=== What you need to do ===
Print the records exactly and in full, please; the pictures stay out.
*-*-*
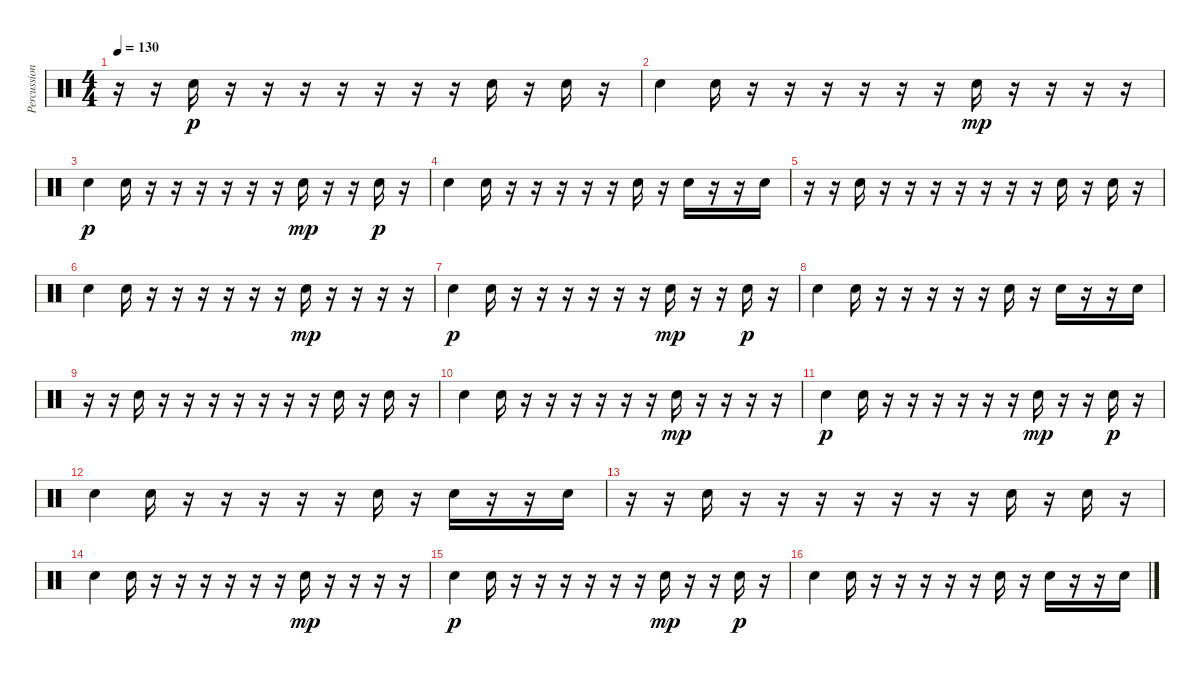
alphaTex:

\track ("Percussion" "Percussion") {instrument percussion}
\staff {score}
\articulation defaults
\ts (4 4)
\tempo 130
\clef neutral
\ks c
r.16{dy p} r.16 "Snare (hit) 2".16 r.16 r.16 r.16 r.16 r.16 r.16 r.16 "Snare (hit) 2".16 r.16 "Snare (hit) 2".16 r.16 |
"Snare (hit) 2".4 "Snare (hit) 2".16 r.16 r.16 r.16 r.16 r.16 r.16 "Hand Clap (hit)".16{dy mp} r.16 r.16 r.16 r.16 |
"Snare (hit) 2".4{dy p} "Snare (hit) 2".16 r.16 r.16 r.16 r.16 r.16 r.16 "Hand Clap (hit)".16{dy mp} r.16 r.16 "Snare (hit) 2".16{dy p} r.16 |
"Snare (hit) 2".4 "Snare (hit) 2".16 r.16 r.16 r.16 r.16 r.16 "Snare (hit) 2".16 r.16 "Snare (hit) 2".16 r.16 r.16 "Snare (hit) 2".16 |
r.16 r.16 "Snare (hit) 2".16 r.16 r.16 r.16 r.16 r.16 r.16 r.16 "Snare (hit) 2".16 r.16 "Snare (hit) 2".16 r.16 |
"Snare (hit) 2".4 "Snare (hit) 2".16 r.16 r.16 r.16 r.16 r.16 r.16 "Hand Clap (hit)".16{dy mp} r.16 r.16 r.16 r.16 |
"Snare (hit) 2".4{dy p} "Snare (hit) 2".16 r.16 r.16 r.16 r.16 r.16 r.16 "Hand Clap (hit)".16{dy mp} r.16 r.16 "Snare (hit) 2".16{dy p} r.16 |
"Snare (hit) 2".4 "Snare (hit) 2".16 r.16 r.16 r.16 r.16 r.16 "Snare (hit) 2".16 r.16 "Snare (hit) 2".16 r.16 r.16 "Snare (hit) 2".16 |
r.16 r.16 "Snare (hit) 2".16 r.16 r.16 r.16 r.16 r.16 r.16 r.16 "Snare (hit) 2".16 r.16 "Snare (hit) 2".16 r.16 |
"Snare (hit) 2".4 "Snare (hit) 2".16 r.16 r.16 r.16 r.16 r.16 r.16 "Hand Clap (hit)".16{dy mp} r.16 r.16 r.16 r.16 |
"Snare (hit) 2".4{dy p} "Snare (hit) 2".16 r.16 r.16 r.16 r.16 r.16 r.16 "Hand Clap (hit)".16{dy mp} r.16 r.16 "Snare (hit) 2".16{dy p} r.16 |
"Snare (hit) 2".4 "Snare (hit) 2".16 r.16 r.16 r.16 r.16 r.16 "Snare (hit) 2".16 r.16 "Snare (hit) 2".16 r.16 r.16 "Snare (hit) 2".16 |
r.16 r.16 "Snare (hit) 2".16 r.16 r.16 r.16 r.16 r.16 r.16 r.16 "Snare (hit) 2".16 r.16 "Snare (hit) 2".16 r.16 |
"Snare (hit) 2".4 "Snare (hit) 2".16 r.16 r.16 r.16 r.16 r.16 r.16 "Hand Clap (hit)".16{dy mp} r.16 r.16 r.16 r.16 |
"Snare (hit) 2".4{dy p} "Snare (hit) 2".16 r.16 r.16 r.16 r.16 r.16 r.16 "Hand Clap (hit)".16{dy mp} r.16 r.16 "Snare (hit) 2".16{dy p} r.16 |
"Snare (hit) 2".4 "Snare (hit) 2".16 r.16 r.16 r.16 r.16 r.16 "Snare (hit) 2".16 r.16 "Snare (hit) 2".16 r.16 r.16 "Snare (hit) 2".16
*-*-*
=== Written response ===
alphaTex:

\track ("Percussion" "Percussion") {instrument percussion}
\staff {score}
\articulation defaults
\ts (4 4)
\tempo 130
\clef neutral
\ks c
r.16{dy p} r.16 "Snare (hit) 2".16 r.16 r.16 r.16 r.16 r.16 r.16 r.16 "Snare (hit) 2".16 r.16 "Snare (hit) 2".16 r.16 |
"Snare (hit) 2".4 "Snare (hit) 2".16 r.16 r.16 r.16 r.16 r.16 r.16 "Hand Clap (hit)".16{dy mp} r.16 r.16 r.16 r.16 |
"Snare (hit) 2".4{dy p} "Snare (hit) 2".16 r.16 r.16 r.16 r.16 r.16 r.16 "Hand Clap (hit)".16{dy mp} r.16 r.16 "Snare (hit) 2".16{dy p} r.16 |
"Snare (hit) 2".4 "Snare (hit) 2".16 r.16 r.16 r.16 r.16 r.16 "Snare (hit) 2".16 r.16 "Snare (hit) 2".16 r.16 r.16 "Snare (hit) 2".16 |
r.16 r.16 "Snare (hit) 2".16 r.16 r.16 r.16 r.16 r.16 r.16 r.16 "Snare (hit) 2".16 r.16 "Snare (hit) 2".16 r.16 |
"Snare (hit) 2".4 "Snare (hit) 2".16 r.16 r.16 r.16 r.16 r.16 r.16 "Hand Clap (hit)".16{dy mp} r.16 r.16 r.16 r.16 |
"Snare (hit) 2".4{dy p} "Snare (hit) 2".16 r.16 r.16 r.16 r.16 r.16 r.16 "Hand Clap (hit)".16{dy mp} r.16 r.16 "Snare (hit) 2".16{dy p} r.16 |
"Snare (hit) 2".4 "Snare (hit) 2".16 r.16 r.16 r.16 r.16 r.16 "Snare (hit) 2".16 r.16 "Snare (hit) 2".16 r.16 r.16 "Snare (hit) 2".16 |
r.16 r.16 "Snare (hit) 2".16 r.16 r.16 r.16 r.16 r.16 r.16 r.16 "Snare (hit) 2".16 r.16 "Snare (hit) 2".16 r.16 |
"Snare (hit) 2".4 "Snare (hit) 2".16 r.16 r.16 r.16 r.16 r.16 r.16 "Hand Clap (hit)".16{dy mp} r.16 r.16 r.16 r.16 |
"Snare (hit) 2".4{dy p} "Snare (hit) 2".16 r.16 r.16 r.16 r.16 r.16 r.16 "Hand Clap (hit)".16{dy mp} r.16 r.16 "Snare (hit) 2".16{dy p} r.16 |
"Snare (hit) 2".4 "Snare (hit) 2".16 r.16 r.16 r.16 r.16 r.16 "Snare (hit) 2".16 r.16 "Snare (hit) 2".16 r.16 r.16 "Snare (hit) 2".16 |
r.16 r.16 "Snare (hit) 2".16 r.16 r.16 r.16 r.16 r.16 r.16 r.16 "Snare (hit) 2".16 r.16 "Snare (hit) 2".16 r.16 |
"Snare (hit) 2".4 "Snare (hit) 2".16 r.16 r.16 r.16 r.16 r.16 r.16 "Hand Clap (hit)".16{dy mp} r.16 r.16 r.16 r.16 |
"Snare (hit) 2".4{dy p} "Snare (hit) 2".16 r.16 r.16 r.16 r.16 r.16 r.16 "Hand Clap (hit)".16{dy mp} r.16 r.16 "Snare (hit) 2".16{dy p} r.16 |
"Snare (hit) 2".4 "Snare (hit) 2".16 r.16 r.16 r.16 r.16 r.16 "Snare (hit) 2".16 r.16 "Snare (hit) 2".16 r.16 r.16 "Snare (hit) 2".16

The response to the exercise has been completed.